───── THE RECORDS ─────
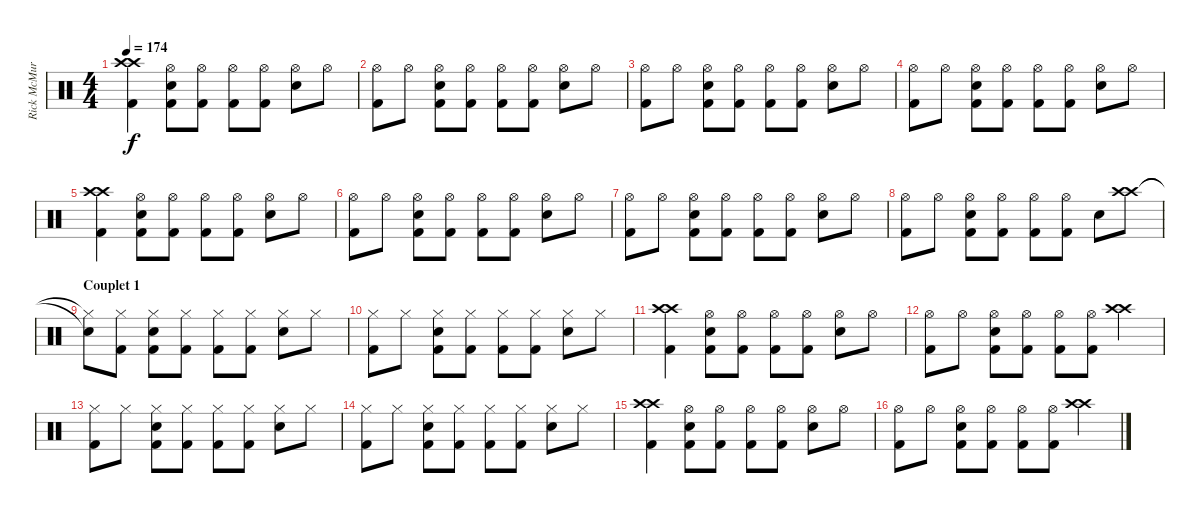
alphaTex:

\track ("Rick McMurray" "Rick McMur") {instrument percussion}
\staff {score}
\articulation defaults
\ts (4 4)
\tempo 174
\clef neutral
\ks c
("Crash high (hit)" "Crash high (hit)" "Kick (hit) 2").4{dy f} ("Hi-Hat (open)" "Snare (hit) 2" "Kick (hit) 2").8 ("Hi-Hat (open)" "Kick (hit) 2").8 ("Hi-Hat (open)" "Kick (hit) 2").8 ("Hi-Hat (open)" "Kick (hit) 2").8 ("Hi-Hat (open)" "Snare (hit) 2").8 "Hi-Hat (open)".8 |
("Hi-Hat (open)" "Kick (hit) 2").8 "Hi-Hat (open)".8 ("Hi-Hat (open)" "Snare (hit) 2" "Kick (hit) 2").8 ("Hi-Hat (open)" "Kick (hit) 2").8 ("Hi-Hat (open)" "Kick (hit) 2").8 ("Hi-Hat (open)" "Kick (hit) 2").8 ("Hi-Hat (open)" "Snare (hit) 2").8 "Hi-Hat (open)".8 |
("Hi-Hat (open)" "Kick (hit) 2").8 "Hi-Hat (open)".8 ("Hi-Hat (open)" "Snare (hit) 2" "Kick (hit) 2").8 ("Hi-Hat (open)" "Kick (hit) 2").8 ("Hi-Hat (open)" "Kick (hit) 2").8 ("Hi-Hat (open)" "Kick (hit) 2").8 ("Hi-Hat (open)" "Snare (hit) 2").8 "Hi-Hat (open)".8 |
("Hi-Hat (open)" "Kick (hit) 2").8 "Hi-Hat (open)".8 ("Hi-Hat (open)" "Snare (hit) 2" "Kick (hit) 2").8 ("Hi-Hat (open)" "Kick (hit) 2").8 ("Hi-Hat (open)" "Kick (hit) 2").8 ("Hi-Hat (open)" "Kick (hit) 2").8 ("Hi-Hat (open)" "Snare (hit) 2").8 "Hi-Hat (open)".8 |
("Crash high (hit)" "Crash high (hit)" "Kick (hit) 2").4 ("Hi-Hat (open)" "Snare (hit) 2" "Kick (hit) 2").8 ("Hi-Hat (open)" "Kick (hit) 2").8 ("Hi-Hat (open)" "Kick (hit) 2").8 ("Hi-Hat (open)" "Kick (hit) 2").8 ("Hi-Hat (open)" "Snare (hit) 2").8 "Hi-Hat (open)".8 |
("Hi-Hat (open)" "Kick (hit) 2").8 "Hi-Hat (open)".8 ("Hi-Hat (open)" "Snare (hit) 2" "Kick (hit) 2").8 ("Hi-Hat (open)" "Kick (hit) 2").8 ("Hi-Hat (open)" "Kick (hit) 2").8 ("Hi-Hat (open)" "Kick (hit) 2").8 ("Hi-Hat (open)" "Snare (hit) 2").8 "Hi-Hat (open)".8 |
("Hi-Hat (open)" "Kick (hit) 2").8 "Hi-Hat (open)".8 ("Hi-Hat (open)" "Snare (hit) 2" "Kick (hit) 2").8 ("Hi-Hat (open)" "Kick (hit) 2").8 ("Hi-Hat (open)" "Kick (hit) 2").8 ("Hi-Hat (open)" "Kick (hit) 2").8 ("Hi-Hat (open)" "Snare (hit) 2").8 "Hi-Hat (open)".8 |
("Hi-Hat (open)" "Kick (hit) 2").8 "Hi-Hat (open)".8 ("Hi-Hat (open)" "Snare (hit) 2" "Kick (hit) 2").8 ("Hi-Hat (open)" "Kick (hit) 2").8 ("Hi-Hat (open)" "Kick (hit) 2").8 ("Hi-Hat (open)" "Kick (hit) 2").8 "Snare (hit) 2".8 ("Crash high (hit)" "Crash high (hit)").8 |
\section ("" "Couplet 1")
("Hi-Hat (closed)"{t} "Snare (hit)"{t}).8 ("Hi-Hat (closed)" "Kick (hit) 2").8 ("Hi-Hat (closed)" "Snare (hit) 2" "Kick (hit) 2").8 ("Hi-Hat (closed)" "Kick (hit) 2").8 ("Hi-Hat (closed)" "Kick (hit) 2").8 ("Hi-Hat (closed)" "Kick (hit) 2").8 ("Hi-Hat (closed)" "Snare (hit) 2").8 "Hi-Hat (closed)".8 |
("Hi-Hat (closed)" "Kick (hit) 2").8 "Hi-Hat (closed)".8 ("Hi-Hat (closed)" "Snare (hit) 2" "Kick (hit) 2").8 ("Hi-Hat (closed)" "Kick (hit) 2").8 ("Hi-Hat (closed)" "Kick (hit) 2").8 ("Hi-Hat (closed)" "Kick (hit) 2").8 ("Hi-Hat (closed)" "Snare (hit) 2").8 "Hi-Hat (closed)".8 |
("Crash high (hit)" "Crash high (hit)" "Kick (hit) 2").4 ("Hi-Hat (open)" "Snare (hit) 2" "Kick (hit) 2").8 ("Hi-Hat (open)" "Kick (hit) 2").8 ("Hi-Hat (open)" "Kick (hit) 2").8 ("Hi-Hat (open)" "Kick (hit) 2").8 ("Hi-Hat (open)" "Snare (hit) 2").8 "Hi-Hat (open)".8 |
("Hi-Hat (open)" "Kick (hit) 2").8 "Hi-Hat (open)".8 ("Hi-Hat (open)" "Snare (hit) 2" "Kick (hit) 2").8 ("Hi-Hat (open)" "Kick (hit) 2").8 ("Hi-Hat (open)" "Kick (hit) 2").8 ("Hi-Hat (open)" "Kick (hit) 2").8 ("Crash high (hit)" "Crash high (hit)").4 |
("Hi-Hat (closed)" "Kick (hit) 2").8 "Hi-Hat (closed)".8 ("Hi-Hat (closed)" "Snare (hit) 2" "Kick (hit) 2").8 ("Hi-Hat (closed)" "Kick (hit) 2").8 ("Hi-Hat (closed)" "Kick (hit) 2").8 ("Hi-Hat (closed)" "Kick (hit) 2").8 ("Hi-Hat (closed)" "Snare (hit) 2").8 "Hi-Hat (closed)".8 |
("Hi-Hat (closed)" "Kick (hit) 2").8 "Hi-Hat (closed)".8 ("Hi-Hat (closed)" "Snare (hit) 2" "Kick (hit) 2").8 ("Hi-Hat (closed)" "Kick (hit) 2").8 ("Hi-Hat (closed)" "Kick (hit) 2").8 ("Hi-Hat (closed)" "Kick (hit) 2").8 ("Hi-Hat (closed)" "Snare (hit) 2").8 "Hi-Hat (closed)".8 |
("Crash high (hit)" "Crash high (hit)" "Kick (hit) 2").4 ("Hi-Hat (open)" "Snare (hit) 2" "Kick (hit) 2").8 ("Hi-Hat (open)" "Kick (hit) 2").8 ("Hi-Hat (open)" "Kick (hit) 2").8 ("Hi-Hat (open)" "Kick (hit) 2").8 ("Hi-Hat (open)" "Snare (hit) 2").8 "Hi-Hat (open)".8 |
("Hi-Hat (open)" "Kick (hit) 2").8 "Hi-Hat (open)".8 ("Hi-Hat (open)" "Snare (hit) 2" "Kick (hit) 2").8 ("Hi-Hat (open)" "Kick (hit) 2").8 ("Hi-Hat (open)" "Kick (hit) 2").8 ("Hi-Hat (open)" "Kick (hit) 2").8 ("Crash high (hit)" "Crash high (hit)").4
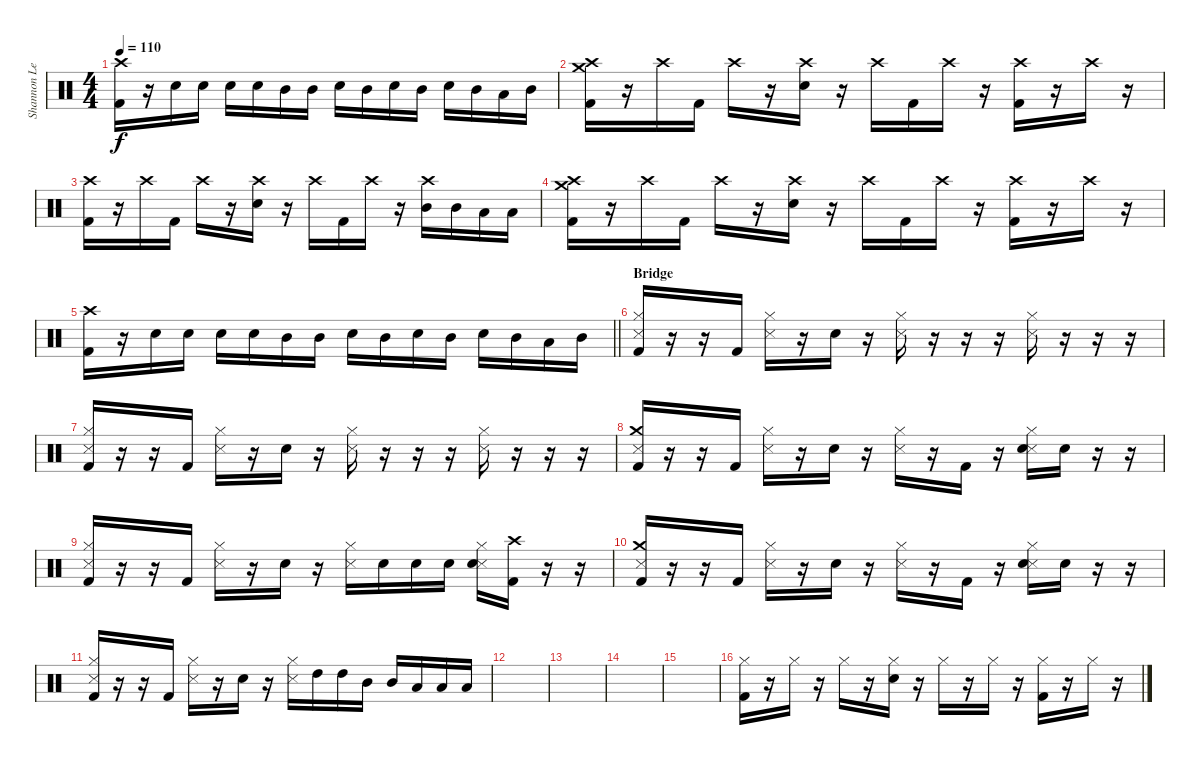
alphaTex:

\track ("Shannon Leto [Drums]" "Shannon Le") {instrument percussion}
\staff {score}
\articulation defaults
\ts (4 4)
\tempo 110
\clef neutral
\ks c
("Crash high (hit)" "Kick (hit) 2").16{dy f} r.16 "Electric Snare (hit)".16 "Electric Snare (hit)".16 "Electric Snare (hit)".16 "Electric Snare (hit)".16 "Mid Tom (hit)".16 "Mid Tom (hit)".16 "Electric Snare (hit)".16 "Mid Tom (hit)".16 "Electric Snare (hit)".16 "Mid Tom (hit)".16 "Electric Snare (hit)".16 "Mid Tom (hit)".16 "Low Tom (hit)".16 "Mid Tom (hit)".16 |
("Crash high (hit)" "Crash medium (hit)" "Kick (hit) 2").16 r.16 "Crash high (hit)".16 "Kick (hit) 2".16 "Crash high (hit)".16 r.16 ("Crash high (hit)" "Electric Snare (hit)").16 r.16 "Crash high (hit)".16 "Kick (hit) 2".16 "Crash high (hit)".16 r.16 ("Crash high (hit)" "Kick (hit) 2").16 r.16 "Crash high (hit)".16 r.16 |
("Crash high (hit)" "Kick (hit) 2").16 r.16 "Crash high (hit)".16 "Kick (hit) 2".16 "Crash high (hit)".16 r.16 ("Crash high (hit)" "Electric Snare (hit)").16 r.16 "Crash high (hit)".16 "Kick (hit) 2".16 "Crash high (hit)".16 r.16 ("Crash high (hit)" "Mid Tom (hit)").16 "Mid Tom (hit)".16 "Low Tom (hit)".16 "Low Tom (hit)".16 |
("Crash high (hit)" "Crash medium (hit)" "Kick (hit) 2").16 r.16 "Crash high (hit)".16 "Kick (hit) 2".16 "Crash high (hit)".16 r.16 ("Crash high (hit)" "Electric Snare (hit)").16 r.16 "Crash high (hit)".16 "Kick (hit) 2".16 "Crash high (hit)".16 r.16 ("Crash high (hit)" "Kick (hit) 2").16 r.16 "Crash high (hit)".16 r.16 |
\barLineRight lightlight
("Crash high (hit)" "Kick (hit) 2").16 r.16 "Electric Snare (hit)".16 "Electric Snare (hit)".16 "Electric Snare (hit)".16 "Electric Snare (hit)".16 "Mid Tom (hit)".16 "Mid Tom (hit)".16 "Electric Snare (hit)".16 "Mid Tom (hit)".16 "Electric Snare (hit)".16 "Mid Tom (hit)".16 "Electric Snare (hit)".16 "Mid Tom (hit)".16 "Low Tom (hit)".16 "Mid Tom (hit)".16 |
\section ("" "Bridge")
("Hi-Hat (closed)" "Snare (side stick) 3" "Kick (hit) 2").16 r.16 r.16 "Kick (hit) 2".16 ("Hi-Hat (closed)" "Snare (side stick) 3").16 r.16 "Electric Snare (hit)".16 r.16 ("Hi-Hat (closed)" "Snare (side stick) 3").16 r.16 r.16 r.16 ("Hi-Hat (closed)" "Snare (side stick) 3").16 r.16 r.16 r.16 |
("Hi-Hat (closed)" "Snare (side stick) 3" "Kick (hit) 2").16 r.16 r.16 "Kick (hit) 2".16 ("Hi-Hat (closed)" "Snare (side stick) 3").16 r.16 "Electric Snare (hit)".16 r.16 ("Hi-Hat (closed)" "Snare (side stick) 3").16 r.16 r.16 r.16 ("Hi-Hat (closed)" "Snare (side stick) 3").16 r.16 r.16 r.16 |
("Crash medium (hit)" "Snare (side stick) 3" "Kick (hit) 2").16 r.16 r.16 "Kick (hit) 2".16 ("Hi-Hat (closed)" "Snare (side stick) 3").16 r.16 "Electric Snare (hit)".16 r.16 ("Hi-Hat (closed)" "Snare (side stick) 3").16 r.16 "Kick (hit) 2".16 r.16 ("Hi-Hat (closed)" "Snare (side stick) 3" "Electric Snare (hit)").16 "Electric Snare (hit)".16 r.16 r.16 |
("Hi-Hat (closed)" "Snare (side stick) 3" "Kick (hit) 2").16 r.16 r.16 "Kick (hit) 2".16 ("Hi-Hat (closed)" "Snare (side stick) 3").16 r.16 "Electric Snare (hit)".16 r.16 ("Hi-Hat (closed)" "Snare (side stick) 3").16 "Electric Snare (hit)".16 "Electric Snare (hit)".16 "Electric Snare (hit)".16 ("Hi-Hat (closed)" "Snare (side stick) 3" "Electric Snare (hit)").16 ("Crash high (hit)" "Kick (hit) 2").16 r.16 r.16 |
("Crash medium (hit)" "Snare (side stick) 3" "Kick (hit) 2").16 r.16 r.16 "Kick (hit) 2".16 ("Hi-Hat (closed)" "Snare (side stick) 3").16 r.16 "Electric Snare (hit)".16 r.16 ("Hi-Hat (closed)" "Snare (side stick) 3").16 r.16 "Kick (hit) 2".16 r.16 ("Hi-Hat (closed)" "Snare (side stick) 3" "Electric Snare (hit)").16 "Electric Snare (hit)".16 r.16 r.16 |
("Hi-Hat (closed)" "Snare (side stick) 3" "Kick (hit) 2").16 r.16 r.16 "Kick (hit) 2".16 ("Hi-Hat (closed)" "Snare (side stick) 3").16 r.16 "Electric Snare (hit)".16 r.16 ("Hi-Hat (closed)" "Snare (side stick) 3").16 "High Tom (hit)".16 "High Tom (hit)".16 "Mid Tom (hit)".16 "Mid Tom (hit)".16 "Low Tom (hit)".16 "Low Tom (hit)".16 "Low Tom (hit)".16 |
|
|
|
|
("Hi-Hat (closed)" "Kick (hit) 2").16 r.16 "Hi-Hat (closed)".16 r.16 "Hi-Hat (closed)".16 r.16 ("Hi-Hat (closed)" "Electric Snare (hit)").16 r.16 "Hi-Hat (closed)".16 r.16 "Hi-Hat (closed)".16 r.16 ("Hi-Hat (closed)" "Kick (hit) 2").16 r.16 "Hi-Hat (closed)".16 r.16
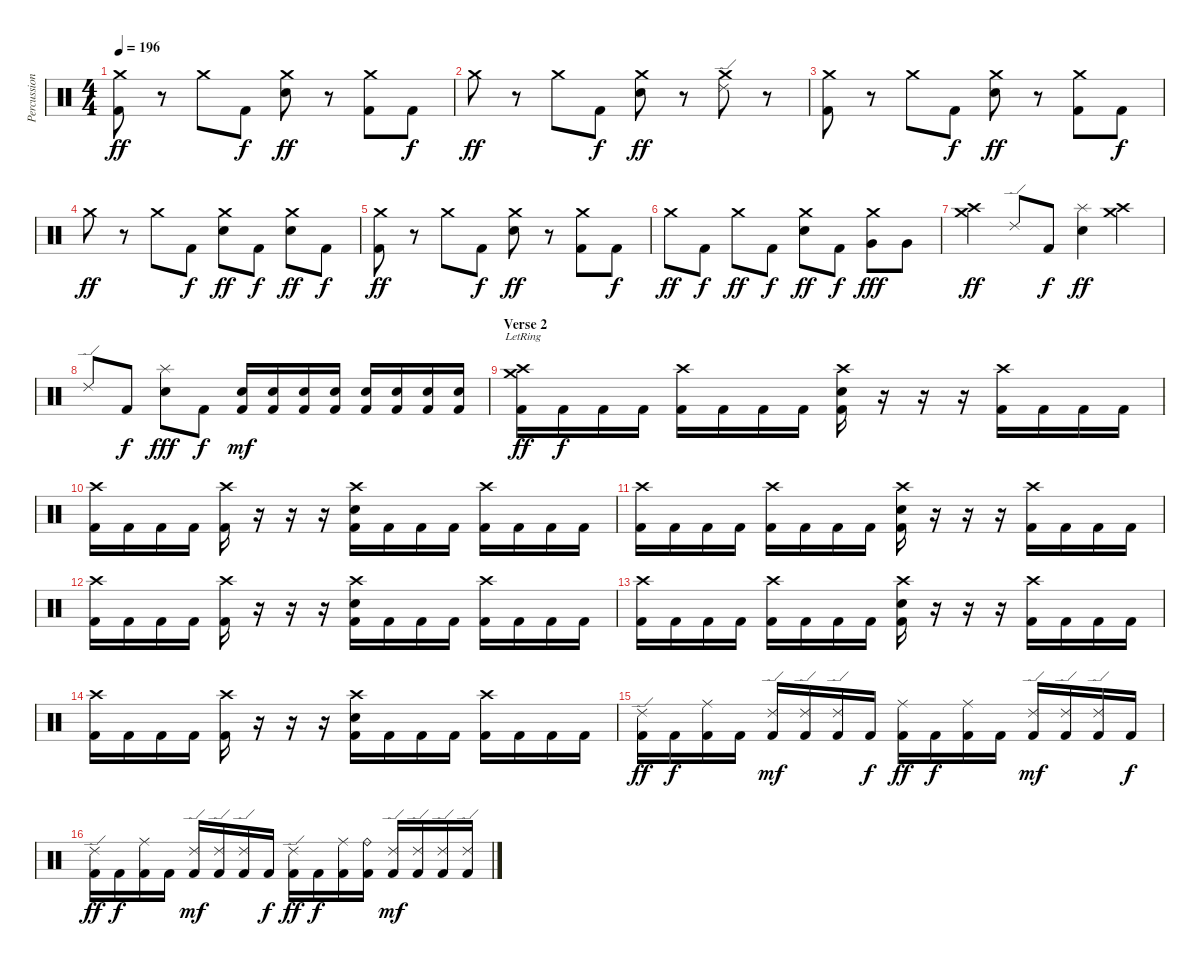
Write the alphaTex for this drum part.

\track ("Percussions" "Percussion") {instrument percussion}
\staff {score}
\articulation defaults
\ts (4 4)
\tempo 196
\clef neutral
\ks c
("Crash medium (hit)" "Kick (hit) 2").8{dy ff} r.8 "Crash medium (hit)".8 "Kick (hit) 2".8{dy f} ("Crash medium (hit)" "Electric Snare (hit)").8{dy ff} r.8 ("Crash medium (hit)" "Kick (hit) 2").8 "Kick (hit) 2".8{dy f} |
"Crash medium (hit)".8{dy ff} r.8 "Crash medium (hit)".8 "Kick (hit) 2".8{dy f} ("Crash medium (hit)" "Electric Snare (hit)").8{dy ff} r.8 ("Ride (edge) 2" "Crash medium (hit)").8 r.8 |
("Crash medium (hit)" "Kick (hit) 2").8 r.8 "Crash medium (hit)".8 "Kick (hit) 2".8{dy f} ("Crash medium (hit)" "Electric Snare (hit)").8{dy ff} r.8 ("Crash medium (hit)" "Kick (hit) 2").8 "Kick (hit) 2".8{dy f} |
"Crash medium (hit)".8{dy ff} r.8 "Crash medium (hit)".8 "Kick (hit) 2".8{dy f} ("Crash medium (hit)" "Electric Snare (hit)").8{dy ff} "Kick (hit) 2".8{dy f} ("Crash medium (hit)" "Electric Snare (hit)").8{dy ff} "Kick (hit) 2".8{dy f} |
("Crash medium (hit)" "Kick (hit) 2").8{dy ff} r.8 "Crash medium (hit)".8 "Kick (hit) 2".8{dy f} ("Crash medium (hit)" "Electric Snare (hit)").8{dy ff} r.8 ("Crash medium (hit)" "Kick (hit) 2").8 "Kick (hit) 2".8{dy f} |
"Crash medium (hit)".8{dy ff} "Kick (hit) 2".8{dy f} "Crash medium (hit)".8{dy ff} "Kick (hit) 2".8{dy f} ("Crash medium (hit)" "Electric Snare (hit)").8{dy ff} "Kick (hit) 2".8{dy f} ("Crash medium (hit)" "Very Low Tom (hit)").8{dy fff} "Very Low Tom (hit)".8 |
("Crash medium (hit)" "Crash high (hit)").4{dy ff} "Ride (edge) 2".8 "Kick (hit) 2".8{dy f} ("Splash (hit)" "Electric Snare (hit)").4{dy ff} ("Crash medium (hit)" "Crash high (hit)").4 |
"Ride (edge) 2".8 "Kick (hit) 2".8{dy f} ("Splash (hit)" "Electric Snare (hit)").8{dy fff} "Kick (hit) 2".8{dy f} ("Electric Snare (hit)" "Kick (hit) 2").16{dy mf} ("Electric Snare (hit)" "Kick (hit) 2").16 ("Electric Snare (hit)" "Kick (hit) 2").16 ("Electric Snare (hit)" "Kick (hit) 2").16 ("Electric Snare (hit)" "Kick (hit) 2").16 ("Electric Snare (hit)" "Kick (hit) 2").16 ("Electric Snare (hit)" "Kick (hit) 2").16 ("Electric Snare (hit)" "Kick (hit) 2").16 |
\section ("" "Verse 2")
("Crash medium (hit)"{lr} "Crash high (hit)" "Kick (hit) 2").16{dy ff} "Kick (hit) 2".16{dy f} "Kick (hit) 2".16 "Kick (hit) 2".16 ("Crash high (hit)" "Kick (hit) 2").16 "Kick (hit) 2".16 "Kick (hit) 2".16 "Kick (hit) 2".16 ("Crash high (hit)" "Electric Snare (hit)" "Kick (hit) 2").16 r.16 r.16 r.16 ("Crash high (hit)" "Kick (hit) 2").16 "Kick (hit) 2".16 "Kick (hit) 2".16 "Kick (hit) 2".16 |
("Crash high (hit)" "Kick (hit) 2").16 "Kick (hit) 2".16 "Kick (hit) 2".16 "Kick (hit) 2".16 ("Crash high (hit)" "Kick (hit) 2").16 r.16 r.16 r.16 ("Crash high (hit)" "Electric Snare (hit)" "Kick (hit) 2").16 "Kick (hit) 2".16 "Kick (hit) 2".16 "Kick (hit) 2".16 ("Crash high (hit)" "Kick (hit) 2").16 "Kick (hit) 2".16 "Kick (hit) 2".16 "Kick (hit) 2".16 |
("Crash high (hit)" "Kick (hit) 2").16 "Kick (hit) 2".16 "Kick (hit) 2".16 "Kick (hit) 2".16 ("Crash high (hit)" "Kick (hit) 2").16 "Kick (hit) 2".16 "Kick (hit) 2".16 "Kick (hit) 2".16 ("Crash high (hit)" "Electric Snare (hit)" "Kick (hit) 2").16 r.16 r.16 r.16 ("Crash high (hit)" "Kick (hit) 2").16 "Kick (hit) 2".16 "Kick (hit) 2".16 "Kick (hit) 2".16 |
("Crash high (hit)" "Kick (hit) 2").16 "Kick (hit) 2".16 "Kick (hit) 2".16 "Kick (hit) 2".16 ("Crash high (hit)" "Kick (hit) 2").16 r.16 r.16 r.16 ("Crash high (hit)" "Electric Snare (hit)" "Kick (hit) 2").16 "Kick (hit) 2".16 "Kick (hit) 2".16 "Kick (hit) 2".16 ("Crash high (hit)" "Kick (hit) 2").16 "Kick (hit) 2".16 "Kick (hit) 2".16 "Kick (hit) 2".16 |
("Crash high (hit)" "Kick (hit) 2").16 "Kick (hit) 2".16 "Kick (hit) 2".16 "Kick (hit) 2".16 ("Crash high (hit)" "Kick (hit) 2").16 "Kick (hit) 2".16 "Kick (hit) 2".16 "Kick (hit) 2".16 ("Crash high (hit)" "Electric Snare (hit)" "Kick (hit) 2").16 r.16 r.16 r.16 ("Crash high (hit)" "Kick (hit) 2").16 "Kick (hit) 2".16 "Kick (hit) 2".16 "Kick (hit) 2".16 |
("Crash high (hit)" "Kick (hit) 2").16 "Kick (hit) 2".16 "Kick (hit) 2".16 "Kick (hit) 2".16 ("Crash high (hit)" "Kick (hit) 2").16 r.16 r.16 r.16 ("Crash high (hit)" "Electric Snare (hit)" "Kick (hit) 2").16 "Kick (hit) 2".16 "Kick (hit) 2".16 "Kick (hit) 2".16 ("Crash high (hit)" "Kick (hit) 2").16 "Kick (hit) 2".16 "Kick (hit) 2".16 "Kick (hit) 2".16 |
("Ride (edge) 2" "Kick (hit) 2").16{dy ff} "Kick (hit) 2".16{dy f} ("Ride (middle)" "Kick (hit) 2").16 "Kick (hit) 2".16 ("Ride (edge) 2" "Kick (hit) 2").16{dy mf} ("Ride (edge) 2" "Kick (hit) 2").16 ("Ride (edge) 2" "Kick (hit) 2").16 "Kick (hit) 2".16{dy f} ("Ride (middle)" "Kick (hit) 2").16{dy ff} "Kick (hit) 2".16{dy f} ("Ride (middle)" "Kick (hit) 2").16 "Kick (hit) 2".16 ("Ride (edge) 2" "Kick (hit) 2").16{dy mf} ("Ride (edge) 2" "Kick (hit) 2").16 ("Ride (edge) 2" "Kick (hit) 2").16 "Kick (hit) 2".16{dy f} |
("Ride (edge) 2" "Kick (hit) 2").16{dy ff} "Kick (hit) 2".16{dy f} ("Ride (middle)" "Kick (hit) 2").16 "Kick (hit) 2".16 ("Ride (edge) 2" "Kick (hit) 2").16{dy mf} ("Ride (edge) 2" "Kick (hit) 2").16 ("Ride (edge) 2" "Kick (hit) 2").16 "Kick (hit) 2".16{dy f} ("Ride (edge) 2" "Kick (hit) 2").16{dy ff} "Kick (hit) 2".16{dy f} ("Ride (middle)" "Kick (hit) 2").16 ("Ride (bell)" "Kick (hit) 2").16 ("Ride (edge) 2" "Kick (hit) 2").16{dy mf} ("Ride (edge) 2" "Kick (hit) 2").16 ("Ride (edge) 2" "Kick (hit) 2").16 ("Ride (edge) 2" "Kick (hit) 2").16
─────
Respond with one number, the count of lines of the material that include "percussion".

3